I am dealing with compositional data, in a high dimension.
Each sample I have behaves like:
$$ {S}^D=\left\{\mathbf{x}=[x_1,x_2,\dots,x_D]\in\mathbb{R}^D \,\left|\, x_i>0,i=1,2,\dots,D; \sum_{i=1}^D x_i=1 \right. \right\} $$
In order to embed the high-dimensional data for visualization into a low-dimensional space of two or three dimensions, I use different methods with respect to $Euclidean$ distances, for example t-SNE
In order to maintain distances with respect to Aitchison geometry I use the Central Logratio Transformation (CLR) before applying the dimensional reduction:
$$ \operatorname{clr}(x) = \left[ \log \frac{x_1}{g(x)} \cdots \log \frac{x_{D-1}}{g(x)} \right] $$
where $ g(x) $ is the geometric mean of the sample.

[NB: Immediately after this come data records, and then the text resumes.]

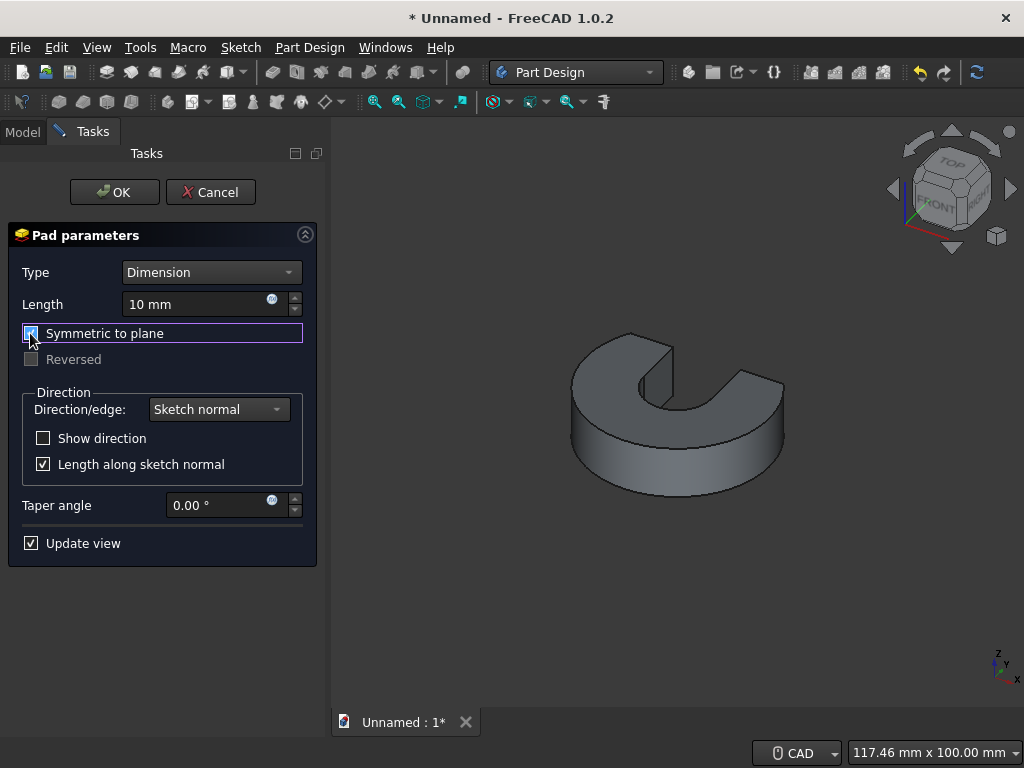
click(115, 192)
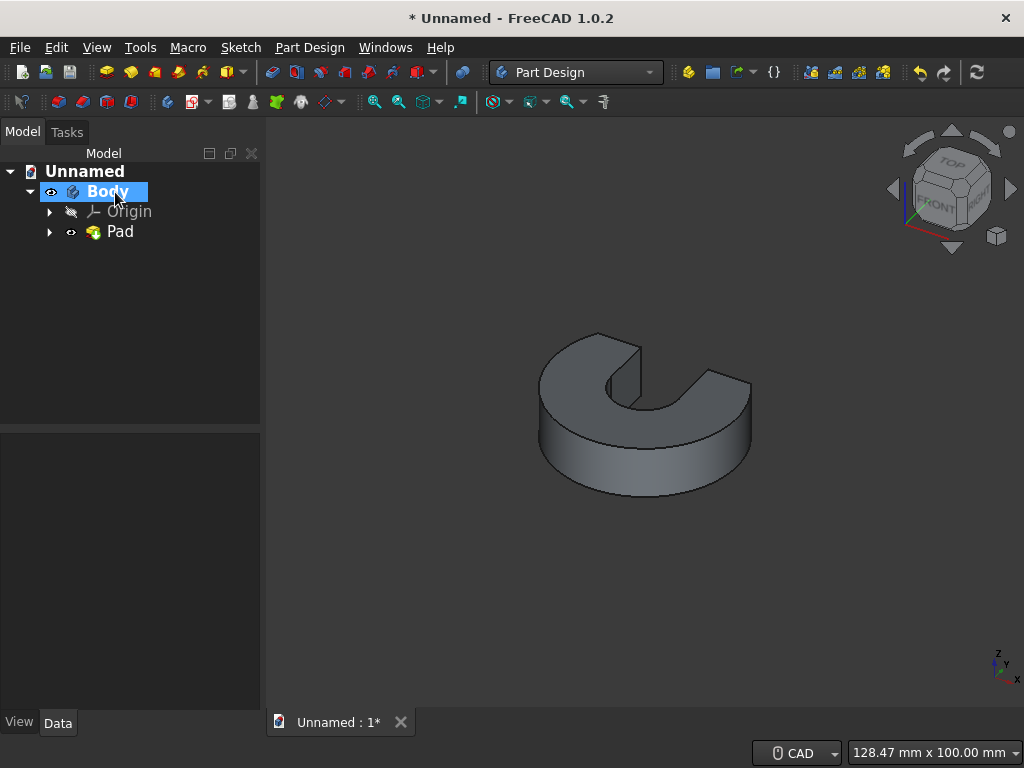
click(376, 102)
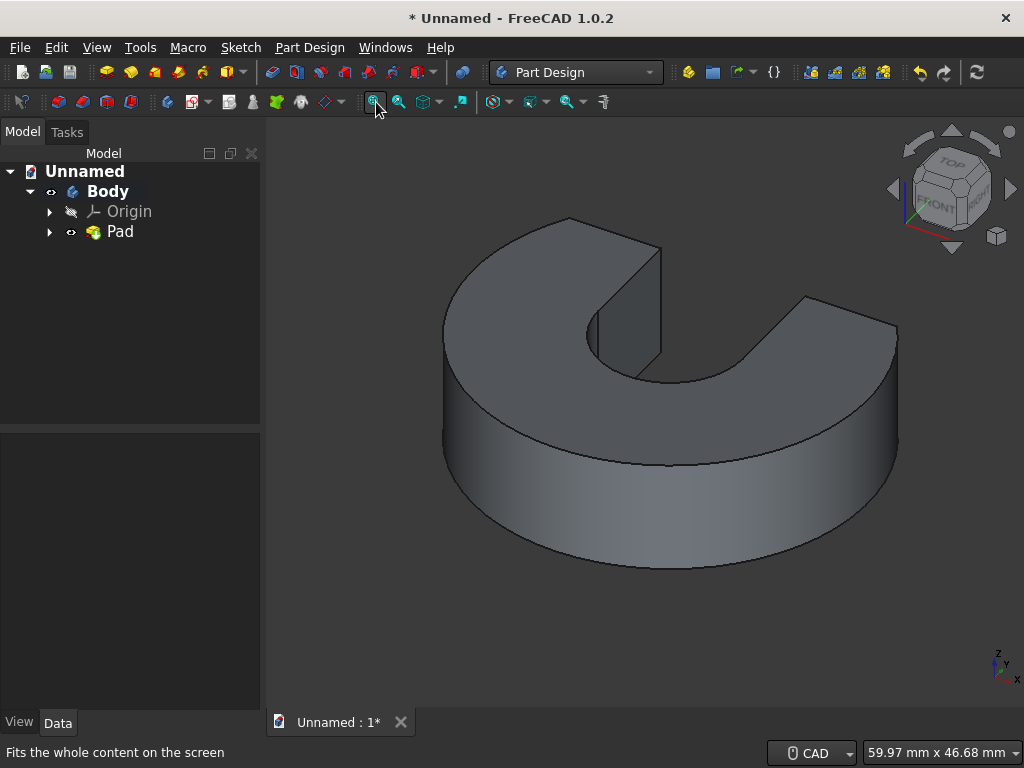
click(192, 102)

$ clr $ has shown significant improvement in visualizing the data, and preserving its natural patterns (measured by tightness of pre-known clusters in the data).

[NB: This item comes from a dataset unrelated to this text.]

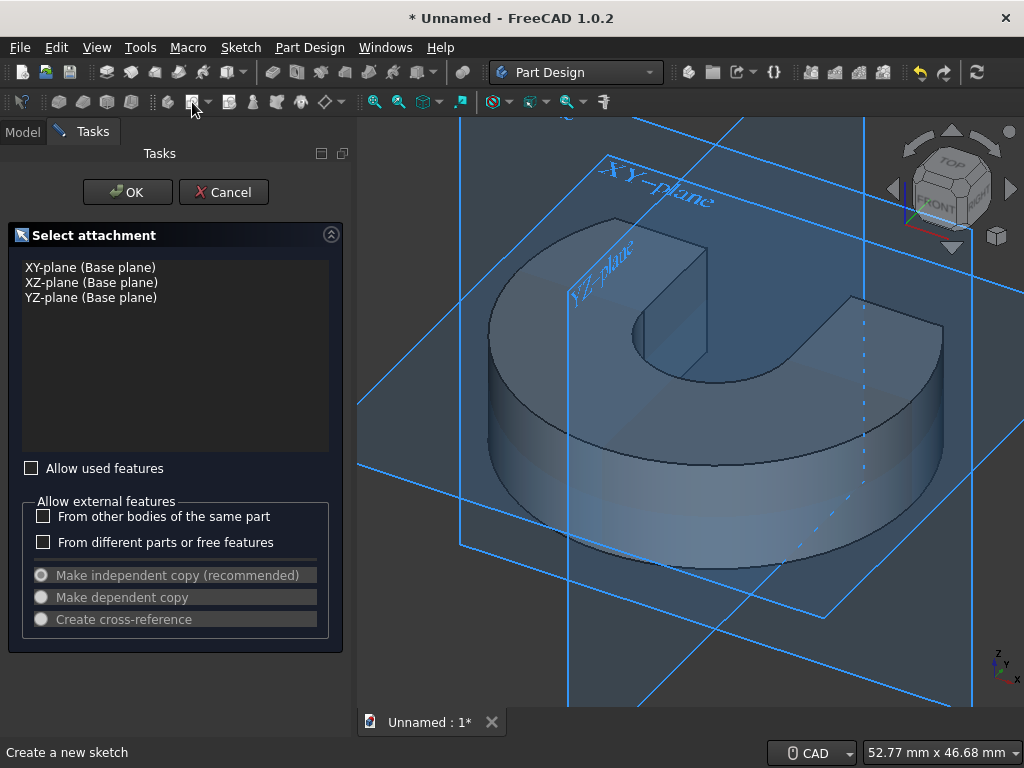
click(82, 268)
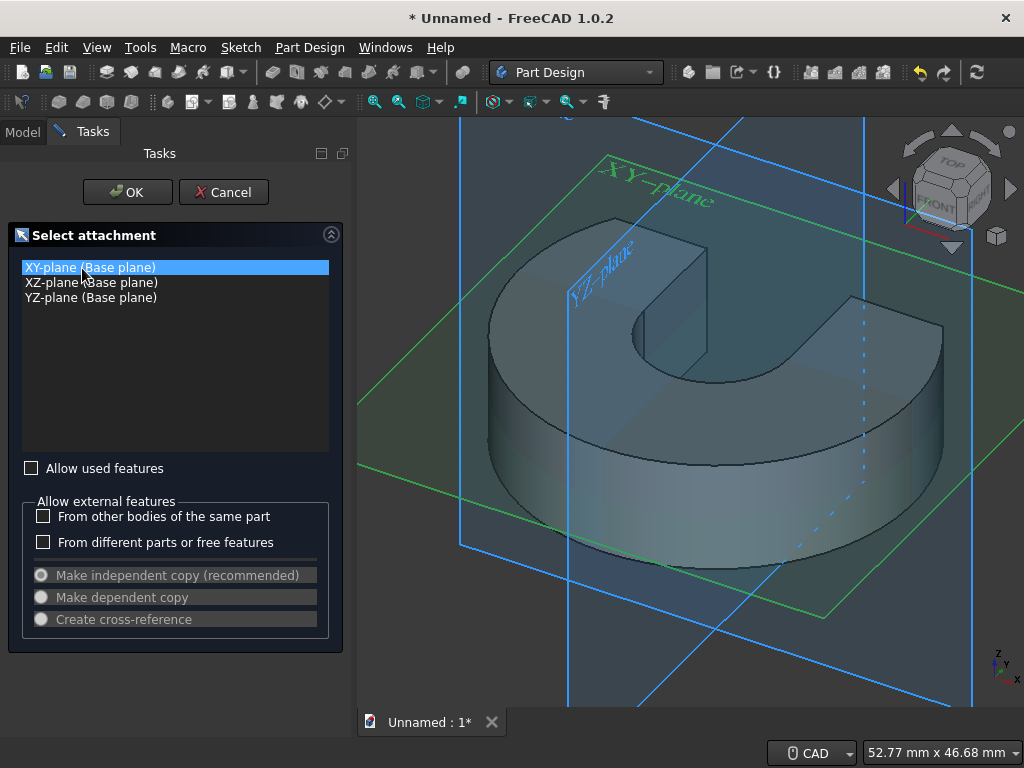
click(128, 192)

However, I get very similar improvements by simply applying $Log$ transformation to the data:
$$ \operatorname{log}(x) = \left[ \log x_1 \cdots \log x_{D-1} \right] $$
$Log$ captures a lot of the essense of the $clr$, but I want to prove that $clr$ is the right way to go when trying to preserve $Euclidean$ distances in the data.
To try that, I have tested the 2D case of two points along the Aitchison simplex:
$$ A = \left[0.1, 0.9 \right], C = \left[0.9, 0.1 \right] $$
In order to move from point $A$ to $C$ along the simplex I have to traverse via point $ B = \left[0.5, 0.5 \right] $:
In the $clr$ space the Euclidean distances are preserved in a way that:
$$ d(clr(A), clr(B)) + d(clr(B), clr(C)) = d(clr(A), clr(C))$$
However in $Log$ space we get the following behavior:
$$ d(log(A), log(B)) + d(log(B), log(C)) > d(log(A), log(C))$$
Which indicates the $Log$ can distort the Euclidean distances in a way that might create problems.
Is there a better way to prove that $clr$ or similar transformation that maintain Aitchison geometry are superior in such cases?